From the data below, repeat everything exactly except the images.

------------

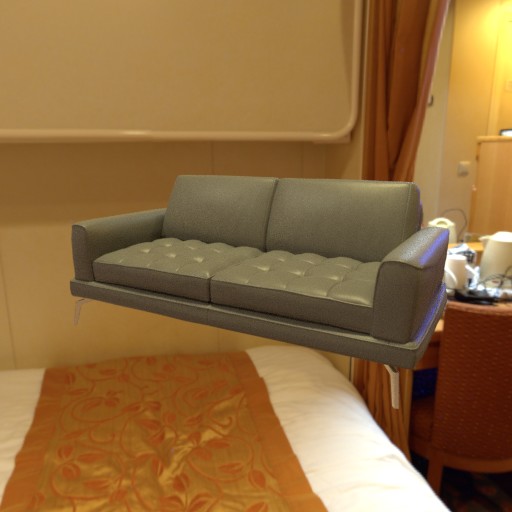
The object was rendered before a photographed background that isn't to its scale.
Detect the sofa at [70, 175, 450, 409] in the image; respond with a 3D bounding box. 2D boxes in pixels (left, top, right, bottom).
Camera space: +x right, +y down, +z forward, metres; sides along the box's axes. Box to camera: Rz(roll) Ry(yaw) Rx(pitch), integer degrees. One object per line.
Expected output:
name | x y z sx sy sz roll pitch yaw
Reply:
sofa | 0.000 0.000 2.757 2.177 0.930 1.121 7 15 28
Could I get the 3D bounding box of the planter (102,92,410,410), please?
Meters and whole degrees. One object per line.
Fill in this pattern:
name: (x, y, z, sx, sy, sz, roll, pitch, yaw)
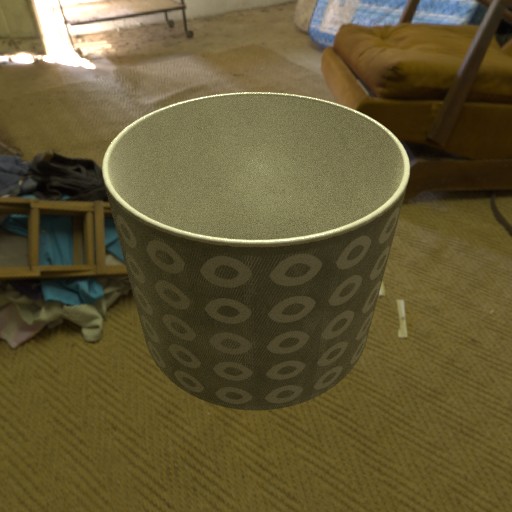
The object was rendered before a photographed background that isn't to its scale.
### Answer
planter: (0.000, 0.000, 0.341, 0.190, 0.181, 0.190, 0, 41, 0)
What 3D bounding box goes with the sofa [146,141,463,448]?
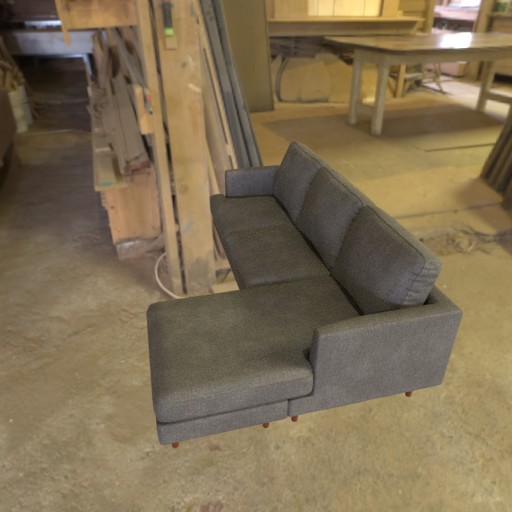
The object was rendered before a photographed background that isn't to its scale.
[{"bbox_3d":[0.000,0.000,3.002,1.504,0.956,2.233,-8,32,-12],"label":"sofa"}]
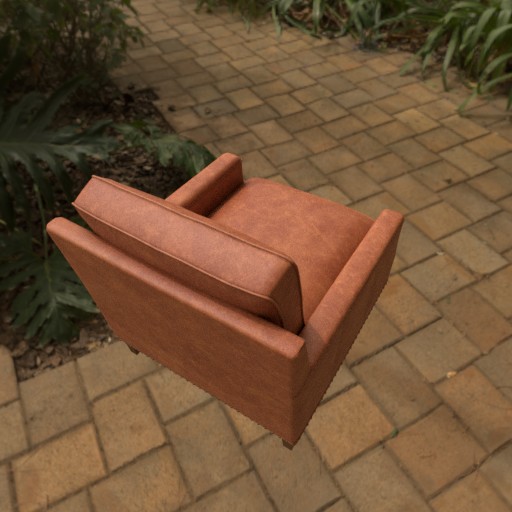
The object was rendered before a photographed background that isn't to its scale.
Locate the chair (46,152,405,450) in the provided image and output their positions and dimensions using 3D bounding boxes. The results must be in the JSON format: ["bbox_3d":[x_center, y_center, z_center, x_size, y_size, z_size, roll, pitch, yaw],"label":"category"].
[{"bbox_3d":[0.000,0.000,1.681,0.853,0.943,1.014,24,50,22],"label":"chair"}]
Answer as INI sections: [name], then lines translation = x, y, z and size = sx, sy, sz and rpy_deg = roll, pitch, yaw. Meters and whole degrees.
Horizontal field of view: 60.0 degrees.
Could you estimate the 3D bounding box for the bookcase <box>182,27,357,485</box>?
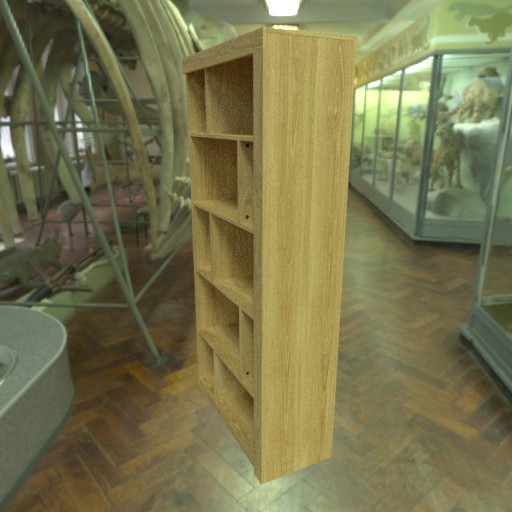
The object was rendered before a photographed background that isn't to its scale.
[bookcase]
translation = 0.000, 0.000, 2.366
size = 0.420, 2.020, 0.950
rpy_deg = -8, 19, -25

------------

> [Written response]
The object was rendered before a photographed background that isn't to its scale.
Detect the sofa at [70, 175, 450, 409] in the image; respond with a 3D bounding box. 2D boxes in pixels (left, top, right, bottom).
Camera space: +x right, +y down, +z forward, metres; sides along the box's axes. Box to camera: Rz(roll) Ry(yaw) Rx(pitch), integer degrees. One object per line.
Expected output:
name | x y z sx sy sz roll pitch yaw
Reply:
sofa | 0.000 0.000 2.757 2.177 0.930 1.121 7 15 28
Could I get the 3D bounding box of the planter (102,92,410,410), please?
Meters and whole degrees. One object per line.
Fill in this pattern:
name: (x, y, z, sx, sy, sz, roll, pitch, yaw)
The object was rendered before a photographed background that isn't to its scale.
### Answer
planter: (0.000, 0.000, 0.341, 0.190, 0.181, 0.190, 0, 41, 0)
What 3D bounding box goes with the sofa [146,141,463,448]?
The object was rendered before a photographed background that isn't to its scale.
[{"bbox_3d":[0.000,0.000,3.002,1.504,0.956,2.233,-8,32,-12],"label":"sofa"}]
The object was rendered before a photographed background that isn't to its scale.
Locate the chair (46,152,405,450) in the provided image and output their positions and dimensions using 3D bounding boxes. The results must be in the JSON format: ["bbox_3d":[x_center, y_center, z_center, x_size, y_size, z_size, roll, pitch, yaw],"label":"category"].
[{"bbox_3d":[0.000,0.000,1.681,0.853,0.943,1.014,24,50,22],"label":"chair"}]
Answer as INI sections: [name], then lines translation = x, y, z and size = sx, sy, sz and rpy_deg = roll, pitch, yaw. Meters and whole degrees.
Horizontal field of view: 60.0 degrees.
Could you estimate the 3D bounding box for the bookcase <box>182,27,357,485</box>?
The object was rendered before a photographed background that isn't to its scale.
[bookcase]
translation = 0.000, 0.000, 2.366
size = 0.420, 2.020, 0.950
rpy_deg = -8, 19, -25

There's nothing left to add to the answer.